Research in an INGO: Oxfam's new series of research guidelines

Interested in how an international NGO supports research? A couple of weeks ago Oxfam launched a series of online research guidelines, originally intended for its own staff and research partners, but now being made public for the first time. The following is a slightly edited version of a blog post I wrote to accompany the launch. The original is here: http://policy-practice.oxfam.org.uk/blog/2012/11/research-guidelines

* * *

Do you recognize any of the following situations? You've commissioned an academic, who sends back a draft paper completely different to the one you thought you were asking for. You turn up to interview a farmer and her husband butts in and asks, "What about the promises that the last research team made?" It's Friday afternoon and you're about to go home when the media team tell you that they need killer facts and juicy quotes for next week's press briefing.

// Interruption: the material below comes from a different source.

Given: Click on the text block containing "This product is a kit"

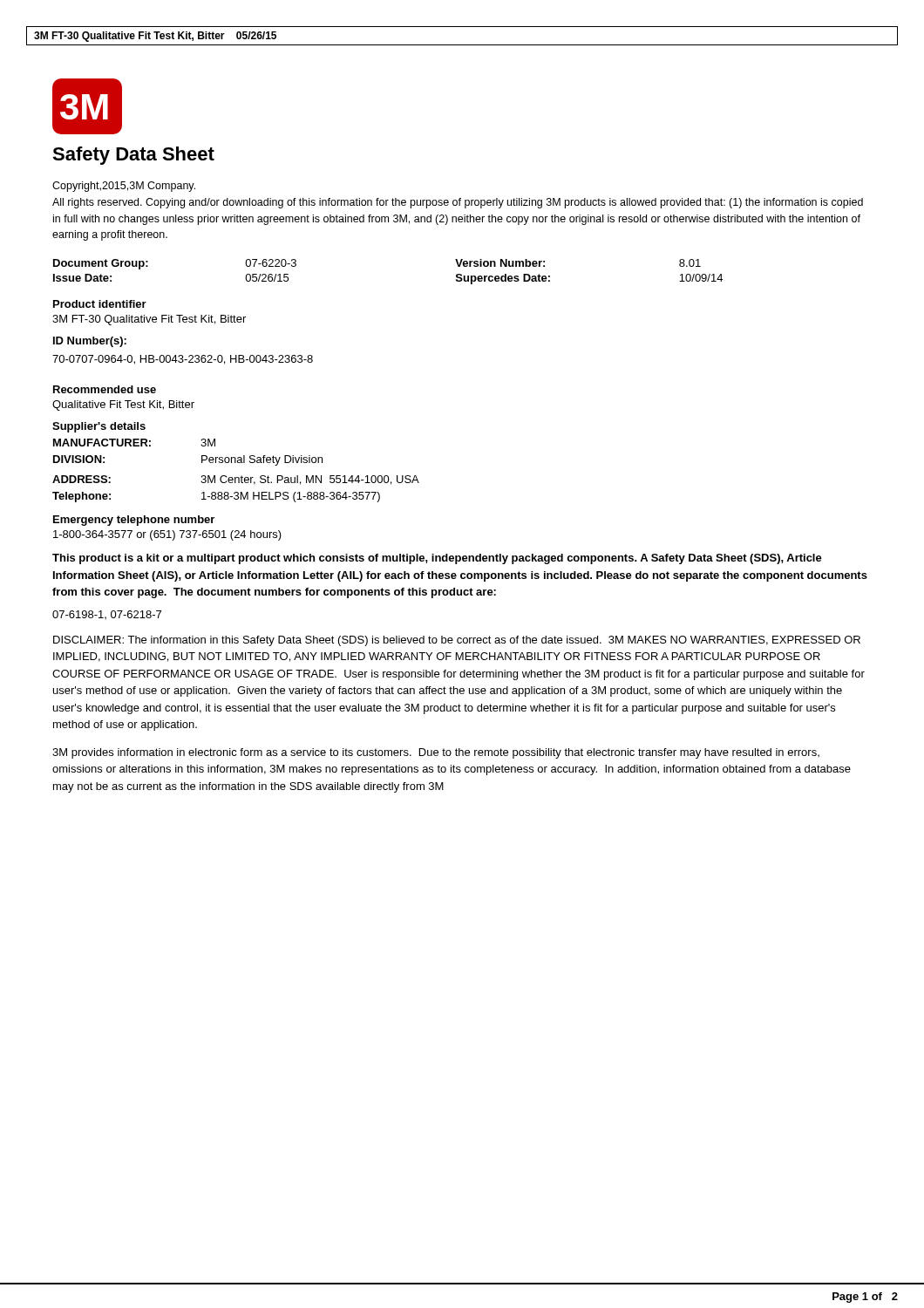Looking at the screenshot, I should [x=460, y=575].
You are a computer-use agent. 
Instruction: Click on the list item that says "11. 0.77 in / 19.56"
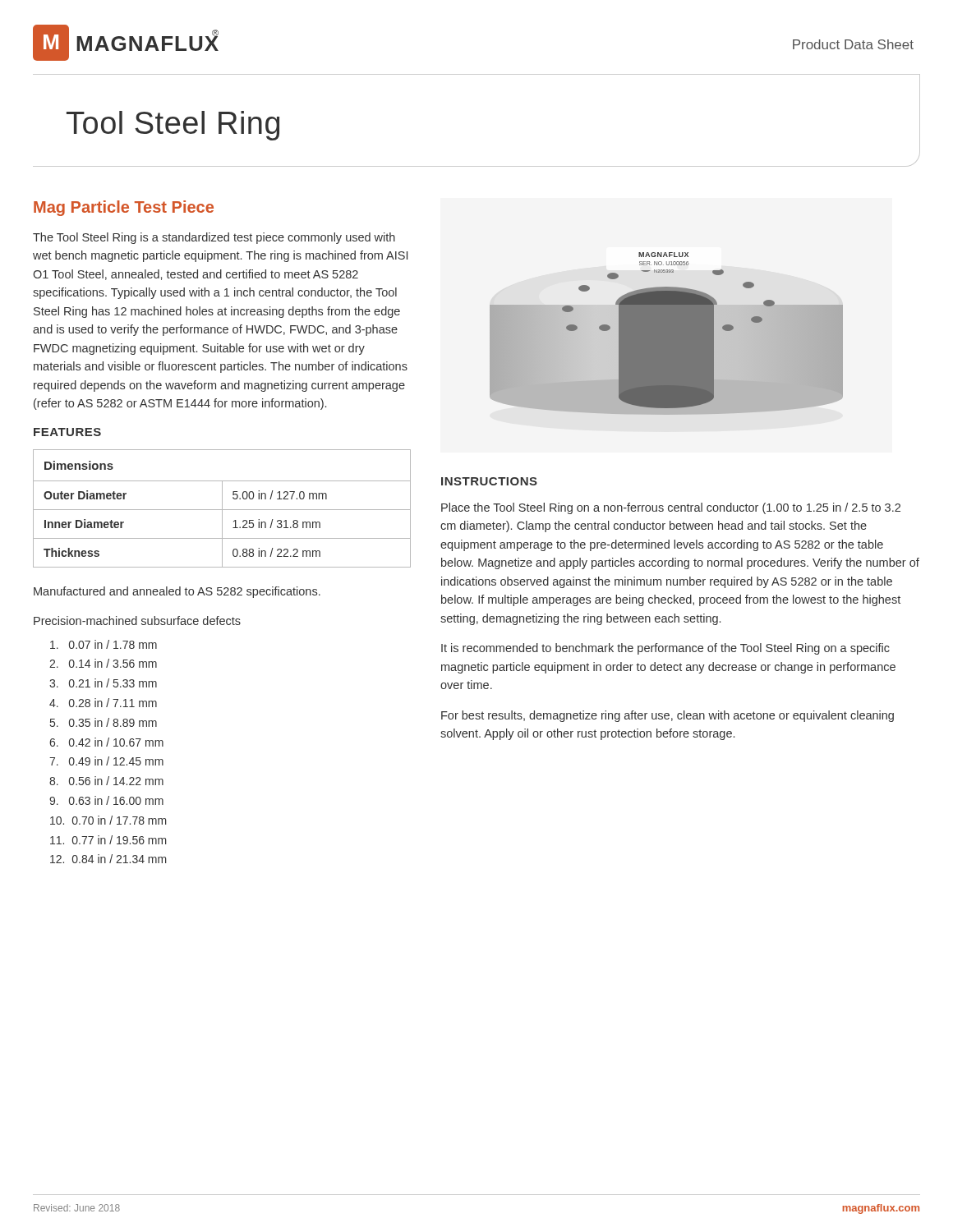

If so, then we may be able to help...

This week we're launching a series of guidelines for development workers and researchers who want to brush up their skills and learn more about the practicalities of applied research that are so important but rarely written about and taught. We can't promise to change the behaviour of short-sighted consultants, interfering spouses, and last-minute colleagues, but we can make working with them much easier!

Oxfam's research guidelines provide concise introductions to a wide variety of topics and are oozing with handy tips on how to plan and undertake research and get the most out of different approaches and methods. They're based on first-hand experiences of Oxfam staff working in advocacy, development and humanitarian programmes worldwide. And the good news is that we're now making the fruits of this experience available to everyone - via a dedicated page on Oxfam's Policy & Practice website. You can find it easily at www.oxfam.org.uk/researchguidelines

So how did these guidelines come about?

We've actually been sitting on some of these guidelines for a long time. In 2006, our senior researcher, Kate Raworth, took six months out from writing campaign briefs to explore how research might be best supported across Oxfam. The production of a series of 'how to' guidelines for staff was just one of the positive outcomes of this, together with the beginnings of a programme of research training, and the recognition that building research capacity is a full-time job.   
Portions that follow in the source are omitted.